Ok, that title is a bit dramatic. But for someone who eats — on average — an avocado a day, it’s become imperative to find an easier way to prepare these slippery little suckers.
Previously, I’d cut them in half lengthwise and clumsily attempt to peel the skin away on each side only to have it disintegrate into hand-held guacamole. Or I’d cut them in half and scoop out the flesh, but that’s not really an option if you’re looking for pretty avocado slices or dices.
Enter this genius little kitchen hack. Total game changer!
First, use a sharp knife to carefully cut a ripe avocado in half, lengthwise. You’ll have to rotate it as you go because you can’t cut through the pit, and then gently twist to get the two halves apart.

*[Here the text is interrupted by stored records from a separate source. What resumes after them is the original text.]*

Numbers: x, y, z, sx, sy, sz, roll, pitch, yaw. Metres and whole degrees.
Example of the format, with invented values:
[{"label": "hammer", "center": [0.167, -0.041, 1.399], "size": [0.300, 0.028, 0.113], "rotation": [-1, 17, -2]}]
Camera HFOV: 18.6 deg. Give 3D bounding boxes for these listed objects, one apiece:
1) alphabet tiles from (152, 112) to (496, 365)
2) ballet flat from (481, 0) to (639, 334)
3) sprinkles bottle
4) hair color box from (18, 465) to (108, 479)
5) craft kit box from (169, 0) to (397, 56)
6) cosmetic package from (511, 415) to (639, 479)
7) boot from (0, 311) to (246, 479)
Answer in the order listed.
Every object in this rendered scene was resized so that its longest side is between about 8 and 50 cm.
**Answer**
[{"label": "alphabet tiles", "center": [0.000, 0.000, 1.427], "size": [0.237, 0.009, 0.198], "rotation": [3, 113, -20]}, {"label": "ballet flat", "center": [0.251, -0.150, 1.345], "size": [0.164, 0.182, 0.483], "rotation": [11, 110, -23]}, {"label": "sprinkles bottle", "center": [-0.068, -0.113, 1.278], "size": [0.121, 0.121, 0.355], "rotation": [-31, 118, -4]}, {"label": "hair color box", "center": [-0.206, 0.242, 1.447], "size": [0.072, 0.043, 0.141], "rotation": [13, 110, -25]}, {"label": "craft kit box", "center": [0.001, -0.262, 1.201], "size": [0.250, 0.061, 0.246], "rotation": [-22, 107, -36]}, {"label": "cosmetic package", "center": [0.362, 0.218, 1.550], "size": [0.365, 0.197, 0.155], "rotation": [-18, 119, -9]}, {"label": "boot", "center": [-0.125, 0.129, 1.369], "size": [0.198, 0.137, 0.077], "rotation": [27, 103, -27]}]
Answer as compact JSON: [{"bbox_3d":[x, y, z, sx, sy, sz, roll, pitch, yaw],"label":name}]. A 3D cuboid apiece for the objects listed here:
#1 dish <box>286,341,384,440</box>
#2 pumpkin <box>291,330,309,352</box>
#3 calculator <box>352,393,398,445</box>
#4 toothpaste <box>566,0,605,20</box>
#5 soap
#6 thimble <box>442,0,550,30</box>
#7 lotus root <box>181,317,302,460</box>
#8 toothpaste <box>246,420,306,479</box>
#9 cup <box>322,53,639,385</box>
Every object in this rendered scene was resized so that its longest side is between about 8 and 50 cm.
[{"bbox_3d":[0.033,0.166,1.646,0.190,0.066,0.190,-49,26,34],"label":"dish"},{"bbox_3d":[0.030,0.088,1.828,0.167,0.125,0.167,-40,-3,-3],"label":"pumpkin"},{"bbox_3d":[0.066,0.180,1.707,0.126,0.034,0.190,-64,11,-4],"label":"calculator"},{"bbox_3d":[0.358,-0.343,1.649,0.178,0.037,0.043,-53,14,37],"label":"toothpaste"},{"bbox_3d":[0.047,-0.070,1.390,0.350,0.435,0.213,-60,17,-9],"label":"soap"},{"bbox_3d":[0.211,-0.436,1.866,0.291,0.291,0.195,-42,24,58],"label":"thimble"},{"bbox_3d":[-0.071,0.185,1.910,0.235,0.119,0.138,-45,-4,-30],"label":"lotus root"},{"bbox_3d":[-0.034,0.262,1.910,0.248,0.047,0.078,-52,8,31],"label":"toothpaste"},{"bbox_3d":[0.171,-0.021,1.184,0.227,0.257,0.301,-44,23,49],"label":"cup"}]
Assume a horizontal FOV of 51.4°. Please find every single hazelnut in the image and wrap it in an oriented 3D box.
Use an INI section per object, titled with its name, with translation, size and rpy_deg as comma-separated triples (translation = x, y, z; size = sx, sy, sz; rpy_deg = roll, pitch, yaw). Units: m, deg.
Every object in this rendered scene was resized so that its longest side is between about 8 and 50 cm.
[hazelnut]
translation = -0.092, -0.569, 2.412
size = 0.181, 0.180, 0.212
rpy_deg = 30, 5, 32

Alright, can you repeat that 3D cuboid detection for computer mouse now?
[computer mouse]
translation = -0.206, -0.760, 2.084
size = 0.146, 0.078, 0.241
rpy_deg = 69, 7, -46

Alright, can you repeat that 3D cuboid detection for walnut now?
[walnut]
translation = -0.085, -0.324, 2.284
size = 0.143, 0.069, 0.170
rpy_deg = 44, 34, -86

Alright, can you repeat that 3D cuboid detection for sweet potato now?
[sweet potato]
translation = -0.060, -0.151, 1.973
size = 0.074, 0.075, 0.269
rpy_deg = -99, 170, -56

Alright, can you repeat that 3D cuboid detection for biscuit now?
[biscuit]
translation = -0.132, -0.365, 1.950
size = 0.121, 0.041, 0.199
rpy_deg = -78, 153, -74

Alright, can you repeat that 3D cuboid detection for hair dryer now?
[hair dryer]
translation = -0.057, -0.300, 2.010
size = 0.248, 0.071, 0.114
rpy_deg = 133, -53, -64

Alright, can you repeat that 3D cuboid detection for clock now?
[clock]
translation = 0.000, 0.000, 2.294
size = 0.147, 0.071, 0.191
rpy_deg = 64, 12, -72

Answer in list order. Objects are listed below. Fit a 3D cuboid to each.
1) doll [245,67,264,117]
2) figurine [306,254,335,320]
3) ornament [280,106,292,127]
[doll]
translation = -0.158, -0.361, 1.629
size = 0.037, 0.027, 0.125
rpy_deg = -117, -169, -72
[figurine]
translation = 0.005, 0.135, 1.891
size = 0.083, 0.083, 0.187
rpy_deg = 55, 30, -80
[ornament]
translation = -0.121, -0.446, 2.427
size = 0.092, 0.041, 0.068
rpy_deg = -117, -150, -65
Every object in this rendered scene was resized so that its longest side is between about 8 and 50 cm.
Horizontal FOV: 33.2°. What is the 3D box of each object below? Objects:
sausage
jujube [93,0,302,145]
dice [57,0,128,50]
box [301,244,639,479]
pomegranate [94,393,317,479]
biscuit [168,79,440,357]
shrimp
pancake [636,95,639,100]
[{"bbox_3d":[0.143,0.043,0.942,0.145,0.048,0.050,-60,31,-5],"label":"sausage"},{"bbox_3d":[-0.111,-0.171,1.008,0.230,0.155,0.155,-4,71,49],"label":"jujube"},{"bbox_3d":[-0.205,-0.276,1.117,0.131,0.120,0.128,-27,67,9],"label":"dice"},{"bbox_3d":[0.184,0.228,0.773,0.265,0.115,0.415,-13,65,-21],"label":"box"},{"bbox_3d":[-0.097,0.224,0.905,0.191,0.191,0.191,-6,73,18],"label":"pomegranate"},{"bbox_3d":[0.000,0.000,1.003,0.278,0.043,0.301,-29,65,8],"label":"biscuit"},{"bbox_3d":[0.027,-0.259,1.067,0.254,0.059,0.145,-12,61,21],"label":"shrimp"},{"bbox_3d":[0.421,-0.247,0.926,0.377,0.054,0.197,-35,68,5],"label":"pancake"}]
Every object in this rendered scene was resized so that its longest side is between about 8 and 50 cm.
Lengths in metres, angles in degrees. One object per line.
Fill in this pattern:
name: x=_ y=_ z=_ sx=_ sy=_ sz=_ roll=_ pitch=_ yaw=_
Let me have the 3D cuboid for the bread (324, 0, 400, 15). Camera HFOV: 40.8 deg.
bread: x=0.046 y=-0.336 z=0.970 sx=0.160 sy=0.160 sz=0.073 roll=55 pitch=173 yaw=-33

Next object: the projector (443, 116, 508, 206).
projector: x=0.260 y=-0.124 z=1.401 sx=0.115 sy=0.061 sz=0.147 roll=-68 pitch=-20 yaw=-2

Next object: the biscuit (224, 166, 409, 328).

Next, remove the pit by striking it with the heel of the knife until the blade goes about 1/4 into it. Carefully twist the knife to remove the pit.
After that, slice each half lengthwise again. Now you’ve got it cleanly quartered and are ready to strip the skin.
No more fumbling around, though. If the avocado is ripe enough, the whole piece will come off in one fell swoop. Voilà!
Now you’ve got some gorgeous avocado to use however you choose. My favorites are in salads to add good fats, on sandwiches in place of mayo and in good ol’ guacamole…with tortilla chips and salsa, of course.